Required action: Output the full listing again without altering anything.

Supplied data:
[Start of Attachment]
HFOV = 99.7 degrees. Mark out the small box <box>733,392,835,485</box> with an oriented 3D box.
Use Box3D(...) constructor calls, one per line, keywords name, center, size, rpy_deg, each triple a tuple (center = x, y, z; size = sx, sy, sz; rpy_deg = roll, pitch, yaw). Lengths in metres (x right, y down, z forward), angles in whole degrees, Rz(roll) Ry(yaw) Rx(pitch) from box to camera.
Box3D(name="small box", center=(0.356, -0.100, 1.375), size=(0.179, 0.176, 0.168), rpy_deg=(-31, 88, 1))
[End of Attachment]
Exercise result:
HFOV = 99.7 degrees. Mark out the small box <box>733,392,835,485</box> with an oriented 3D box.
Use Box3D(...) constructor calls, one per line, keywords name, center, size, rpy_deg, each triple a tuple (center = x, y, z; size = sx, sy, sz; rpy_deg = roll, pitch, yaw). Lengths in metres (x right, y down, z forward), angles in whole degrees, Rz(roll) Ry(yaw) Rx(pitch) from box to camera.
Box3D(name="small box", center=(0.356, -0.100, 1.375), size=(0.179, 0.176, 0.168), rpy_deg=(-31, 88, 1))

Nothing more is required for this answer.